**WHAT THE TASK REQUIRES**
Exercise in exact copying. Transcribe every entry that follows, word for word.

[Records from a data collection]
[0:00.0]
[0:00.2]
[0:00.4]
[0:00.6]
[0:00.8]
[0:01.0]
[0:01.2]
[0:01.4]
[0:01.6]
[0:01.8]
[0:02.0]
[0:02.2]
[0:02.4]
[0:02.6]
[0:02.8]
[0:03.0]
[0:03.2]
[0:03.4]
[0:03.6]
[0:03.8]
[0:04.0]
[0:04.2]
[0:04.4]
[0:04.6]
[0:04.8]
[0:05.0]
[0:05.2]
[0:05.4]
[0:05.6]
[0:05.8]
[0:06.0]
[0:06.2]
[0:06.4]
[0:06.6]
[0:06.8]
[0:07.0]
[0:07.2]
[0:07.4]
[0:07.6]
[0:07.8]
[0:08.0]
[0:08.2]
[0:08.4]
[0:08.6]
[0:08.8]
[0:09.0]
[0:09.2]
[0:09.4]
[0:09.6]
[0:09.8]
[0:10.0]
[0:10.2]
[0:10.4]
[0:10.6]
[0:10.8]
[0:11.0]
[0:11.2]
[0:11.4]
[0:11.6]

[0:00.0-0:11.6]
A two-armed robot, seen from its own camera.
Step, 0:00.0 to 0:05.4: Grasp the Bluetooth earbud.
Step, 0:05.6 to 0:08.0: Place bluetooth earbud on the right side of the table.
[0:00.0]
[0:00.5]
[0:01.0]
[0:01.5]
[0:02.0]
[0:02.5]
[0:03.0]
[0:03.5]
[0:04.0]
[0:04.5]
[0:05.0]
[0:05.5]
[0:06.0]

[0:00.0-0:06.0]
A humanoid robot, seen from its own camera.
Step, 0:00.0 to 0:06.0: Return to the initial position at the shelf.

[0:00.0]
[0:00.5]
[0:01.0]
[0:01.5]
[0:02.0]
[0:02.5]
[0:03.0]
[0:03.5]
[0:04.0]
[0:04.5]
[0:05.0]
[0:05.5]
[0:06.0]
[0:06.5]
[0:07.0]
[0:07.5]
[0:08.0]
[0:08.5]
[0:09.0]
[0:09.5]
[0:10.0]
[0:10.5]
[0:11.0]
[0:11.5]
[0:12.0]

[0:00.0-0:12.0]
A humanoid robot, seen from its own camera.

**WRITTEN RESPONSE**
[0:00.0]
[0:00.2]
[0:00.4]
[0:00.6]
[0:00.8]
[0:01.0]
[0:01.2]
[0:01.4]
[0:01.6]
[0:01.8]
[0:02.0]
[0:02.2]
[0:02.4]
[0:02.6]
[0:02.8]
[0:03.0]
[0:03.2]
[0:03.4]
[0:03.6]
[0:03.8]
[0:04.0]
[0:04.2]
[0:04.4]
[0:04.6]
[0:04.8]
[0:05.0]
[0:05.2]
[0:05.4]
[0:05.6]
[0:05.8]
[0:06.0]
[0:06.2]
[0:06.4]
[0:06.6]
[0:06.8]
[0:07.0]
[0:07.2]
[0:07.4]
[0:07.6]
[0:07.8]
[0:08.0]
[0:08.2]
[0:08.4]
[0:08.6]
[0:08.8]
[0:09.0]
[0:09.2]
[0:09.4]
[0:09.6]
[0:09.8]
[0:10.0]
[0:10.2]
[0:10.4]
[0:10.6]
[0:10.8]
[0:11.0]
[0:11.2]
[0:11.4]
[0:11.6]

[0:00.0-0:11.6]
A two-armed robot, seen from its own camera.
Step, 0:00.0 to 0:05.4: Grasp the Bluetooth earbud.
Step, 0:05.6 to 0:08.0: Place bluetooth earbud on the right side of the table.
[0:00.0]
[0:00.5]
[0:01.0]
[0:01.5]
[0:02.0]
[0:02.5]
[0:03.0]
[0:03.5]
[0:04.0]
[0:04.5]
[0:05.0]
[0:05.5]
[0:06.0]

[0:00.0-0:06.0]
A humanoid robot, seen from its own camera.
Step, 0:00.0 to 0:06.0: Return to the initial position at the shelf.

[0:00.0]
[0:00.5]
[0:01.0]
[0:01.5]
[0:02.0]
[0:02.5]
[0:03.0]
[0:03.5]
[0:04.0]
[0:04.5]
[0:05.0]
[0:05.5]
[0:06.0]
[0:06.5]
[0:07.0]
[0:07.5]
[0:08.0]
[0:08.5]
[0:09.0]
[0:09.5]
[0:10.0]
[0:10.5]
[0:11.0]
[0:11.5]
[0:12.0]

[0:00.0-0:12.0]
A humanoid robot, seen from its own camera.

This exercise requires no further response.